We are currently decorating too and he is doing as little as he can get away with (he gets to share on how we decorate just in case you think I am having it all my way, I'm not).
He has again stormed downstairs to sleep on the couch in a sulk. Maybe I'll get my vibrating friend out like a few night ago. At least that gives me some relief :grin2:
So for the last year I have been daydreaming of divorce. To the point that I have said to him that it goes through my mind but it's not really what I want, I just want a husband again.
I sent him a text the other night as I can write better than verbally express my feelings.
It really pissed him off, he didn't get that because I was still trying to make things better it meant I want our marriage to work (I did say that too).
I am so unbelievably confused about my feelings.
He has no family, no friends (I swear he has no one).
I thought we'd turned a corner Friday night after we spend the evening with a family I've known since I was a toddler and I thought he was enjoying himself, so attentive that when we got home things might get romantic..... WRONG!
So obviously this is on my mind too.
I don't know what to do. He is an expert on appearances to the point that even I believe he isn't the man I feel ashamed of.
I feel so much shame. Hurt and confusion.
I am too afraid of telling him I want a divorce and at the same time I can't bring myself to tell him that it's something I want.
What if I'm wrong? 
What kind of damage will this do to my kids? I think a couple of the kids will never forgive me.
I've asked for counselling which he refuses. Light conversations, deep conversations.
He just will not talk to me.
Will I just have to accept that this is my life now?
I don't want to be alone and I don't want to go through the palaver of dating.
He keeps bringing up ex's too when we argue so I say if he's so jealous why isn't he taking care of me? I get no response.
Does it sound like we are done? That divorce really is possible?
I do love him but not enough to live like this. I feel like I'm going crazy!
I am so sorry for the novel, I have nowhere else to turn as I am so ashamed.


----------



## lifeistooshort (Mar 17, 2013)

So how long are you going to keep kissing his rear end while he throws tantrums like a 2 year old?

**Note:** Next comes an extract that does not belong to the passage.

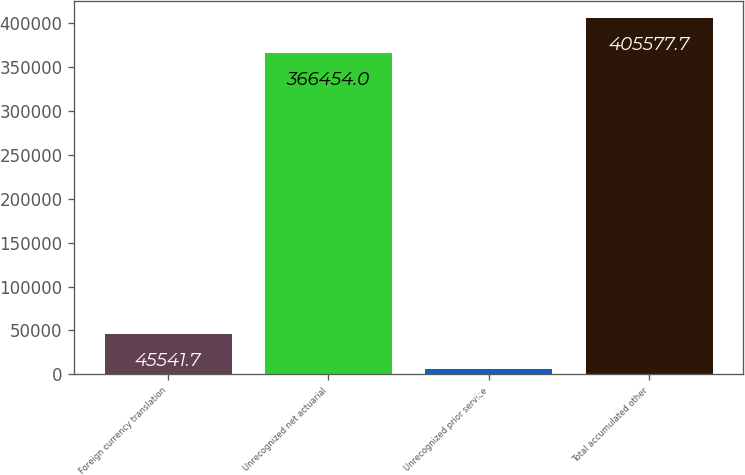Convert chart to OTSL. <chart><loc_0><loc_0><loc_500><loc_500><bar_chart><fcel>Foreign currency translation<fcel>Unrecognized net actuarial<fcel>Unrecognized prior service<fcel>Total accumulated other<nl><fcel>45541.7<fcel>366454<fcel>6418<fcel>405578<nl></chart>

I imagine he can't live without mommy...i mean you. 

Woman to woman, how can you possibly get turned on and want to have sex with a tantrum throwing brat?

And how is it that your kids get to make adult decisions for you? What if they'd never forgive you if you refused to buy them drugs, or anything else they wanted? That's all it takes to allow them to make decisions for you?

Sounds like you're not ready to pull the plug and are looking for reasons to back that up. 

But you know what? The only chance you might have to save things is if you dump him. While you're still there kissing 2 year olds ass why would he change anything? All he has to do is throw a tantrum and you chase him.


----------



## SunCMars (Feb 29, 2016)

PM me your address. I will send you a hacksaw in your Birthday Cake. You can then saw a few window bars out....then break out of the prison that you are in. 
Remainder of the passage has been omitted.